Hence, the statement is true.

Question 3(i) Let A = { 1, 2, { 3, 4 }, 5 }. Which of the following statements are incorrect and why?

{3, 4} $\subset$ A

Answer:

3 $\in$ {3,4} but 3 $\notin$ {1,2,{3,4},5}.

SO, {3, 4} $\not\subset$ A

Hence, the statement is incorrect.

Question 3(ii) Let A = { 1, 2, { 3, 4 }, 5 }. Which of the following statements are incorrect and why?

{3, 4} $\in$ A

Answer:

{3, 4} is an element of A.

So, {3, 4} $\in$ A.

Hence, the statement is correct.

Question 3(iii) Let A = { 1, 2, { 3, 4 }, 5 }. Which of the following statements are incorrect and why?

{{3, 4}} $\subset$ A

Answer:

Here,

{ 3, 4 } $\in$ { 1, 2, { 3, 4 }, 5 }

and { 3, 4 } $\in$ {{3, 4}}

So, {{3, 4}} $\subset$ A.

Hence, the statement is correct.

Question 3(iv) Let A = { 1, 2, { 3, 4 }, 5 }. Which of the following statements are incorrect and why?

1 $\in$ A

Answer:

Given, 1 is element of { 1, 2, { 3, 4 }, 5 }.

So,1 $\in$ A.

Hence, the statement is correct.

Question 3(v) Let A = { 1, 2, { 3, 4 }, 5 }. Which of the following statements are incorrect and why?

1 $\subset$ A

Answer:

Here, 1 is an element of set A = { 1, 2, { 3, 4 }, 5 }. So, elements of set A cannot be a subset of set A.

1 $\not\subset$ { 1, 2, { 3, 4 }, 5 }.

Hence, the statement given is incorrect.

Question 3(vi) Let A = { 1, 2, { 3, 4 }, 5 }. Which of the following statements are incorrect and why?

{1,2,5} $\subset$ A

Answer:

All elements of {1,2,5} are present in { 1, 2, { 3, 4 }, 5 }.

So, {1,2,5} $\subset$ { 1, 2, { 3, 4 }, 5 }.

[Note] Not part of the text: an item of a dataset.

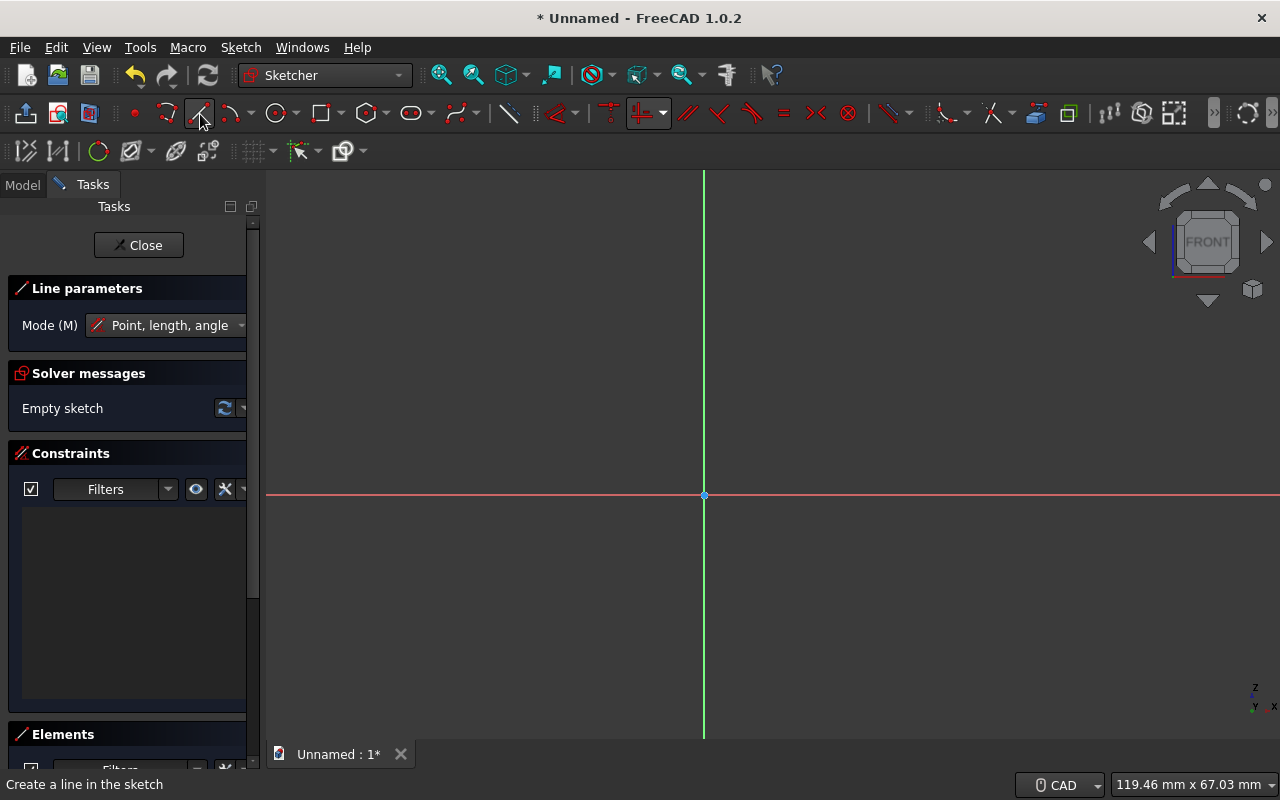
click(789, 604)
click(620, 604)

Hence, the statement given is correct.

Question 3(vii) Let A = { 1, 2, { 3, 4 }, 5 }. Which of the following statements are incorrect and why?

{1,2,5} $\in$ A

Answer:

Here,{1,2,5} is not an element of { 1, 2, { 3, 4 }, 5 }.

So,{1,2,5} $\notin$ A .

Hence, the statement is incorrect.

Question 3(viii) Let A = { 1, 2, { 3, 4 }, 5 }. Which of the following statements are incorrect and why?

{1,2,3} $\subset$ A

Answer:

Here, 3 $\in$ {1,2,3}

but 3 $\notin$ { 1, 2, { 3, 4 }, 5 }.

So, {1,2,3} $\not\subset$ A

Hence, the given statement is incorrect.

Question 3(ix) Let A = { 1, 2, { 3, 4 }, 5 }. Which of the following statements are incorrect and why?

$\varphi \in A$

Answer:

$\varphi$ is not an element of { 1, 2, { 3, 4 }, 5 }.

So, $\varphi \notin A$ .

Hence, the above statement is incorrect.

Question 3(x) Let A = { 1, 2, { 3, 4 }, 5 }. Which of the following statements are incorrect and why?

$\varphi \subset A$

Answer:

$\varphi$ is a subset of all sets.

Hence, the above statement is correct.

Question 3(xi) Let A = { 1, 2, { 3, 4 }, 5 }. Which of the following statements are incorrect and why?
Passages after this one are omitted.